Been chewing on this for a while now. The old SEO playbook is splitting into two very different goals - ranking on Google vs getting cited in AI answers. And they're not identical anymore, no matter how much people pretend they overlap. It's bloody annoying trying to plan content when you can't just tick the same boxes for both.
What's actually working for us is painfully boring: answer the question in the first two paragraphs, use real headings, keep dates fresh, and write like a human with an opinion, not a content brief. The weird thing? That also makes the content more useful to actual readers, so it's not a trade-off - just good writing with some structural discipline.
One thing worth flagging for 2026 specifically: detectable "AI slop" style is now a credibility risk. Readers and retrieval systems are both getting better at sniffing out generic filler. Hybrid workflows - where a human edits and injects real perspective - are the baseline now, not a differentiator.

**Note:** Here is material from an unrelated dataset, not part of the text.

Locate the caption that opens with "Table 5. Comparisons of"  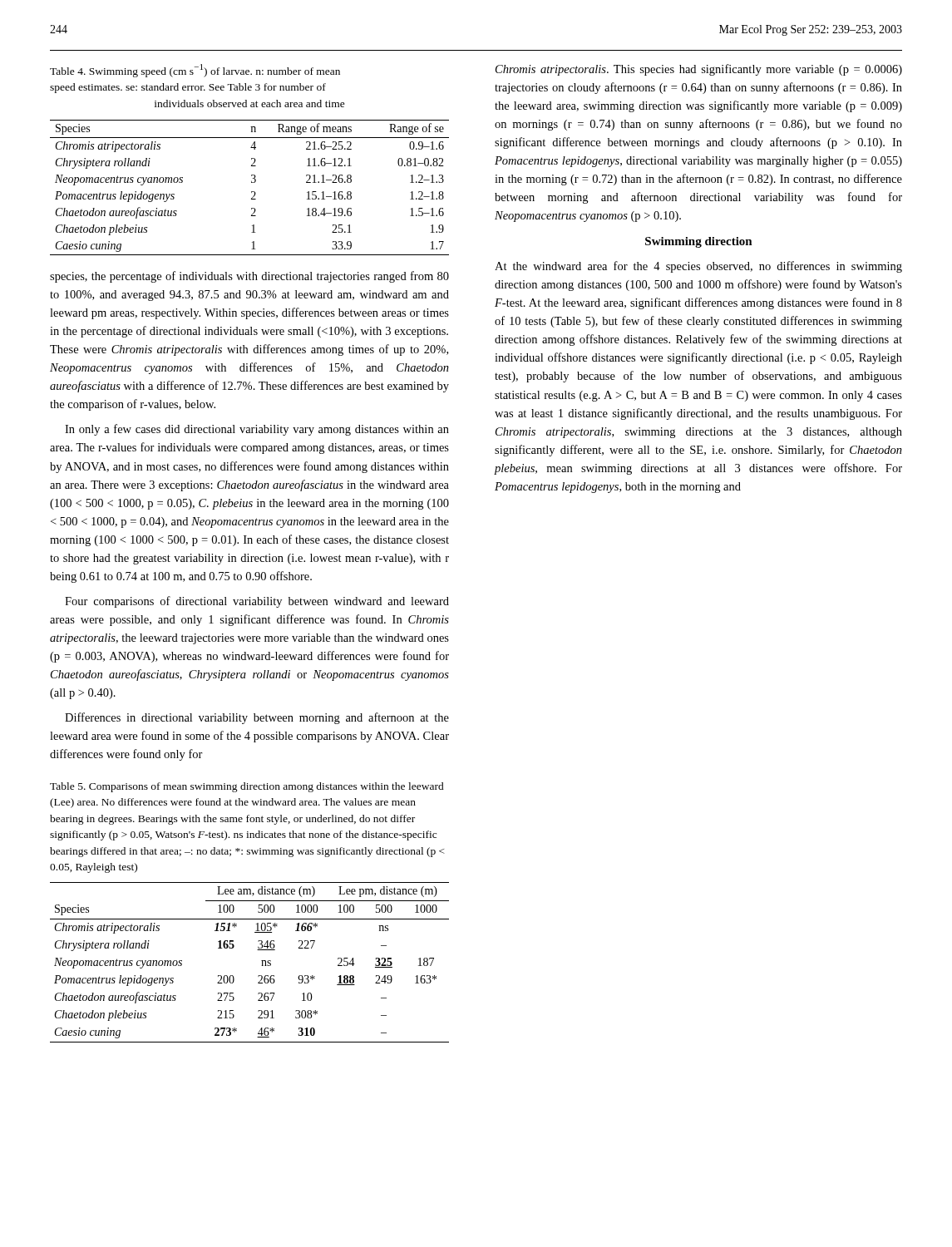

The part I'm still unsure about is how much schema and FAQ blocks actually move the needle versus just making you feel productive. My gut says most gains come from clarity and topical depth rather than any technical tweak, but I haven't isolated it cleanly.
Anyone else finding a meaningful difference between optimising for classic rankings vs specifically getting cited in ChatGPT or Perplexity? Feels like they're diverging more than people admit, especially for informational queries.